**What you have to do**
All lines with the word "horizontal" must be pulled from the entries below.

**Provided entries**
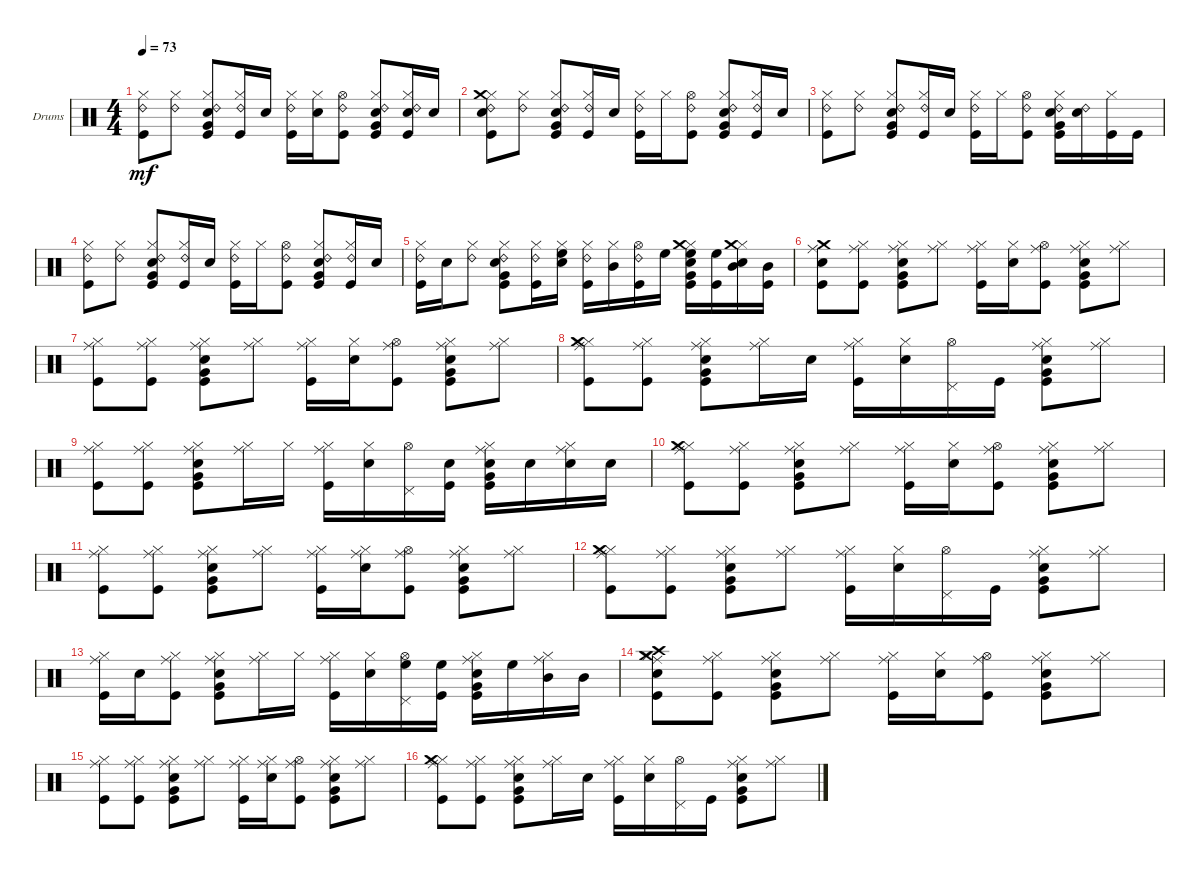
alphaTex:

\bracketExtendMode groupsimilarinstruments
\firstSystemTrackNameOrientation horizontal
\otherSystemsTrackNameOrientation horizontal
\track ("Drums" "Drums") {instrument percussion}
\staff {score}
\articulation defaults
\ts (4 4)
\tempo 73
\clef neutral
\ks c
("Kick (hit)" "Hi-Hat (closed)" "Ride (bell) 2").8{dy mf} ("Hi-Hat (closed)" "Ride (bell) 2").8 ("Kick (hit)" "Snare (hit) 2" "Hi-Hat (closed)" "Very Low Tom (hit)" "Ride (bell) 2").8 ("Hi-Hat (closed)" "Kick (hit)" "Ride (bell) 2").16 "Snare (hit) 2".16 ("Kick (hit)" "Hi-Hat (closed)" "Ride (bell) 2").16 ("Snare (hit) 2" "Hi-Hat (closed)").16 ("Hi-Hat (open)" "Kick (hit)" "Ride (bell) 2").8 ("Kick (hit)" "Snare (hit) 2" "Hi-Hat (closed)" "Very Low Tom (hit)" "Ride (bell) 2").8 ("Snare (hit) 2" "Hi-Hat (closed)" "Kick (hit)" "Ride (bell) 2").16 "Snare (hit) 2".16 |
("Kick (hit)" "Snare (hit) 2" "Hi-Hat (closed)" "Crash medium (hit)" "Ride (bell) 2").8 ("Hi-Hat (closed)" "Ride (bell) 2").8 ("Kick (hit)" "Snare (hit) 2" "Hi-Hat (closed)" "Very Low Tom (hit)" "Ride (bell) 2").8 ("Hi-Hat (closed)" "Kick (hit)" "Ride (bell) 2").16 "Snare (hit) 2".16 ("Kick (hit)" "Hi-Hat (closed)" "Ride (bell) 2").16 "Hi-Hat (closed)".16 ("Hi-Hat (open)" "Kick (hit)" "Ride (bell) 2").8 ("Kick (hit)" "Snare (hit) 2" "Hi-Hat (closed)" "Very Low Tom (hit)" "Ride (bell) 2").8 ("Hi-Hat (closed)" "Kick (hit)" "Ride (bell) 2").16 "Snare (hit) 2".16 |
("Kick (hit)" "Hi-Hat (closed)" "Ride (bell) 2").8 ("Hi-Hat (closed)" "Ride (bell) 2").8 ("Kick (hit)" "Snare (hit) 2" "Hi-Hat (closed)" "Very Low Tom (hit)" "Ride (bell) 2").8 ("Hi-Hat (closed)" "Kick (hit)" "Ride (bell) 2").16 "Snare (hit) 2".16 ("Kick (hit)" "Hi-Hat (closed)" "Ride (bell) 2").16 "Hi-Hat (closed)".16 ("Hi-Hat (open)" "Kick (hit)" "Ride (bell) 2").8 ("Kick (hit)" "Snare (hit) 2" "Hi-Hat (closed)" "Very Low Tom (hit)" "Ride (bell) 2").16 ("Snare (hit) 2" "Ride (bell) 2").16 ("Hi-Hat (closed)" "Kick (hit)").16 "Kick (hit)".16 |
("Kick (hit)" "Hi-Hat (closed)" "Ride (bell) 2").8 ("Hi-Hat (closed)" "Ride (bell) 2").8 ("Kick (hit)" "Snare (hit) 2" "Hi-Hat (closed)" "Very Low Tom (hit)" "Ride (bell) 2").8 ("Hi-Hat (closed)" "Kick (hit)" "Ride (bell) 2").16 "Snare (hit) 2".16 ("Kick (hit)" "Hi-Hat (closed)" "Ride (bell) 2").16 "Hi-Hat (closed)".16 ("Hi-Hat (open)" "Kick (hit)" "Ride (bell) 2").8 ("Kick (hit)" "Snare (hit) 2" "Hi-Hat (closed)" "Very Low Tom (hit)" "Ride (bell) 2").8 ("Hi-Hat (closed)" "Kick (hit)" "Ride (bell) 2").16 "Snare (hit) 2".16 |
("Kick (hit)" "Hi-Hat (closed)" "Ride (bell) 2").16 "Snare (hit) 2".16 ("Hi-Hat (closed)" "Ride (bell) 2").8 ("Kick (hit)" "Snare (hit) 2" "Hi-Hat (closed)" "Very Low Tom (hit)" "Ride (bell) 2").8 ("Hi-Hat (closed)" "Kick (hit)" "Ride (bell) 2").16 ("Hi-Hat (closed)" "High Floor Tom (hit)" "Snare (hit) 2").16 ("Kick (hit)" "Hi-Hat (closed)" "Ride (bell) 2").16 ("Hi-Hat (closed)" "Mid Tom (hit)").16 ("Hi-Hat (open)" "Kick (hit)" "Ride (bell) 2").16 "High Floor Tom (hit)".16 ("Kick (hit)" "Hi-Hat (closed)" "Very Low Tom (hit)" "High Floor Tom (hit)" "Snare (hit) 2" "Crash medium (hit)").16 ("High Floor Tom (hit)" "Kick (hit)").16 ("Hi-Hat (closed)" "Mid Tom (hit)" "Snare (hit) 2" "Crash medium (hit)").16 ("Mid Tom (hit)" "Kick (hit)").16 |
("Kick (hit)" "Snare (hit) 2" "Crash medium (hit)" "Ride (middle)").8 ("Hi-Hat (closed)" "Kick (hit)" "Ride (middle)").8 ("Kick (hit)" "Snare (hit) 2" "Hi-Hat (closed)" "Very Low Tom (hit)" "Ride (middle)").8 ("Hi-Hat (closed)" "Ride (middle)").8 ("Kick (hit)" "Hi-Hat (closed)" "Ride (middle)").16 ("Hi-Hat (closed)" "Snare (hit) 2").16 ("Hi-Hat (open)" "Kick (hit)" "Ride (middle)").8 ("Kick (hit)" "Snare (hit) 2" "Hi-Hat (closed)" "Very Low Tom (hit)" "Ride (middle)").8 ("Hi-Hat (closed)" "Ride (middle)").8 |
("Kick (hit)" "Hi-Hat (closed)" "Ride (middle)").8 ("Hi-Hat (closed)" "Kick (hit)" "Ride (middle)").8 ("Kick (hit)" "Snare (hit) 2" "Hi-Hat (closed)" "Very Low Tom (hit)" "Ride (middle)").8 ("Hi-Hat (closed)" "Ride (middle)").8 ("Kick (hit)" "Hi-Hat (closed)" "Ride (middle)").16 ("Hi-Hat (closed)" "Snare (hit) 2").16 ("Hi-Hat (open)" "Kick (hit)" "Ride (middle)").8 ("Kick (hit)" "Snare (hit) 2" "Hi-Hat (closed)" "Very Low Tom (hit)" "Ride (middle)").8 ("Hi-Hat (closed)" "Ride (middle)").8 |
("Kick (hit)" "Hi-Hat (closed)" "Ride (middle)" "Crash medium (hit)").8 ("Hi-Hat (closed)" "Kick (hit)" "Ride (middle)").8 ("Kick (hit)" "Snare (hit) 2" "Hi-Hat (closed)" "Very Low Tom (hit)" "Ride (middle)").8 ("Hi-Hat (closed)" "Ride (middle)").16 "Snare (hit) 2".16 ("Kick (hit)" "Hi-Hat (closed)" "Ride (middle)").16 ("Hi-Hat (closed)" "Snare (hit) 2").16 ("Hi-Hat (open)" "Pedal Hi-Hat (hit)").16 "Kick (hit)".16 ("Kick (hit)" "Snare (hit) 2" "Hi-Hat (closed)" "Very Low Tom (hit)" "Ride (middle)").8 ("Hi-Hat (closed)" "Ride (middle)").8 |
("Kick (hit)" "Hi-Hat (closed)" "Ride (middle)").8 ("Hi-Hat (closed)" "Kick (hit)" "Ride (middle)").8 ("Kick (hit)" "Snare (hit) 2" "Hi-Hat (closed)" "Very Low Tom (hit)" "Ride (middle)").8 ("Hi-Hat (closed)" "Ride (middle)").16 "Hi-Hat (closed)".16 ("Kick (hit)" "Hi-Hat (closed)" "Ride (middle)").16 ("Hi-Hat (closed)" "Snare (hit) 2").16 ("Hi-Hat (open)" "Pedal Hi-Hat (hit)").16 ("Snare (hit) 2" "Kick (hit)").16 ("Kick (hit)" "Snare (hit) 2" "Hi-Hat (closed)" "Very Low Tom (hit)" "Ride (middle)").16 "Snare (hit) 2".16 ("Snare (hit) 2" "Hi-Hat (closed)" "Ride (middle)").16 "Snare (hit) 2".16 |
("Kick (hit)" "Hi-Hat (closed)" "Ride (middle)" "Crash medium (hit)").8 ("Hi-Hat (closed)" "Kick (hit)" "Ride (middle)").8 ("Kick (hit)" "Snare (hit) 2" "Hi-Hat (closed)" "Very Low Tom (hit)" "Ride (middle)").8 ("Hi-Hat (closed)" "Ride (middle)").8 ("Kick (hit)" "Hi-Hat (closed)" "Ride (middle)").16 ("Hi-Hat (closed)" "Snare (hit) 2").16 ("Hi-Hat (open)" "Kick (hit)" "Ride (middle)").8 ("Kick (hit)" "Snare (hit) 2" "Hi-Hat (closed)" "Very Low Tom (hit)" "Ride (middle)").8 ("Hi-Hat (closed)" "Ride (middle)").8 |
("Kick (hit)" "Hi-Hat (closed)" "Ride (middle)").8 ("Hi-Hat (closed)" "Kick (hit)" "Ride (middle)").8 ("Kick (hit)" "Snare (hit) 2" "Hi-Hat (closed)" "Very Low Tom (hit)" "Ride (middle)").8 ("Hi-Hat (closed)" "Ride (middle)").8 ("Kick (hit)" "Hi-Hat (closed)" "Ride (middle)").16 ("Hi-Hat (closed)" "Snare (hit) 2" "Ride (middle)").16 ("Hi-Hat (open)" "Kick (hit)" "Ride (middle)").8 ("Kick (hit)" "Snare (hit) 2" "Hi-Hat (closed)" "Very Low Tom (hit)" "Ride (middle)").8 ("Hi-Hat (closed)" "Ride (middle)").8 |
("Kick (hit)" "Hi-Hat (closed)" "Ride (middle)" "Crash medium (hit)").8 ("Hi-Hat (closed)" "Kick (hit)" "Ride (middle)").8 ("Kick (hit)" "Snare (hit) 2" "Hi-Hat (closed)" "Very Low Tom (hit)" "Ride (middle)").8 ("Hi-Hat (closed)" "Ride (middle)").8 ("Kick (hit)" "Hi-Hat (closed)" "Ride (middle)").16 ("Hi-Hat (closed)" "Snare (hit) 2").16 ("Hi-Hat (open)" "Pedal Hi-Hat (hit)").16 "Kick (hit)".16 ("Kick (hit)" "Snare (hit) 2" "Hi-Hat (closed)" "Very Low Tom (hit)" "Ride (middle)").8 ("Hi-Hat (closed)" "Ride (middle)").8 |
("Kick (hit)" "Hi-Hat (closed)" "Ride (middle)").16 "Snare (hit) 2".16 ("Hi-Hat (closed)" "Kick (hit)" "Ride (middle)").8 ("Kick (hit)" "Snare (hit) 2" "Hi-Hat (closed)" "Very Low Tom (hit)" "Ride (middle)").8 ("Hi-Hat (closed)" "Ride (middle)").16 "Hi-Hat (closed)".16 ("Kick (hit)" "Hi-Hat (closed)" "Ride (middle)").16 ("Hi-Hat (closed)" "Snare (hit) 2").16 ("Hi-Hat (open)" "High Floor Tom (hit)" "Pedal Hi-Hat (hit)").16 ("High Floor Tom (hit)" "Kick (hit)").16 ("Kick (hit)" "Hi-Hat (closed)" "Very Low Tom (hit)" "Snare (hit) 2" "Ride (middle)").16 "High Floor Tom (hit)".16 ("Hi-Hat (closed)" "Mid Tom (hit)" "Ride (middle)").16 "Mid Tom (hit)".16 |
("Kick (hit)" "Snare (hit) 2" "Hi-Hat (closed)" "Crash medium (hit)" "Crash high (hit)" "Ride (middle)").8 ("Hi-Hat (closed)" "Kick (hit)" "Ride (middle)").8 ("Kick (hit)" "Snare (hit) 2" "Hi-Hat (closed)" "Very Low Tom (hit)" "Ride (middle)").8 ("Hi-Hat (closed)" "Ride (middle)").8 ("Kick (hit)" "Hi-Hat (closed)" "Ride (middle)").16 ("Hi-Hat (closed)" "Snare (hit) 2").16 ("Hi-Hat (open)" "Kick (hit)" "Ride (middle)").8 ("Kick (hit)" "Snare (hit) 2" "Hi-Hat (closed)" "Very Low Tom (hit)" "Ride (middle)").8 ("Hi-Hat (closed)" "Ride (middle)").8 |
("Kick (hit)" "Hi-Hat (closed)" "Ride (middle)").8 ("Hi-Hat (closed)" "Kick (hit)" "Ride (middle)").8 ("Kick (hit)" "Snare (hit) 2" "Hi-Hat (closed)" "Very Low Tom (hit)" "Ride (middle)").8 ("Hi-Hat (closed)" "Ride (middle)").8 ("Kick (hit)" "Hi-Hat (closed)" "Ride (middle)").16 ("Hi-Hat (closed)" "Snare (hit) 2" "Ride (middle)").16 ("Hi-Hat (open)" "Kick (hit)" "Ride (middle)").8 ("Kick (hit)" "Snare (hit) 2" "Hi-Hat (closed)" "Very Low Tom (hit)" "Ride (middle)").8 ("Hi-Hat (closed)" "Ride (middle)").8 |
("Kick (hit)" "Hi-Hat (closed)" "Ride (middle)" "Crash medium (hit)").8 ("Hi-Hat (closed)" "Kick (hit)" "Ride (middle)").8 ("Kick (hit)" "Snare (hit) 2" "Hi-Hat (closed)" "Very Low Tom (hit)" "Ride (middle)").8 ("Hi-Hat (closed)" "Ride (middle)").16 "Snare (hit) 2".16 ("Kick (hit)" "Hi-Hat (closed)" "Ride (middle)").16 ("Hi-Hat (closed)" "Snare (hit) 2").16 ("Hi-Hat (open)" "Pedal Hi-Hat (hit)").16 "Kick (hit)".16 ("Kick (hit)" "Snare (hit) 2" "Hi-Hat (closed)" "Very Low Tom (hit)" "Ride (middle)").8 ("Hi-Hat (closed)" "Ride (middle)").8

**Exercise response**
\firstSystemTrackNameOrientation horizontal
\otherSystemsTrackNameOrientation horizontal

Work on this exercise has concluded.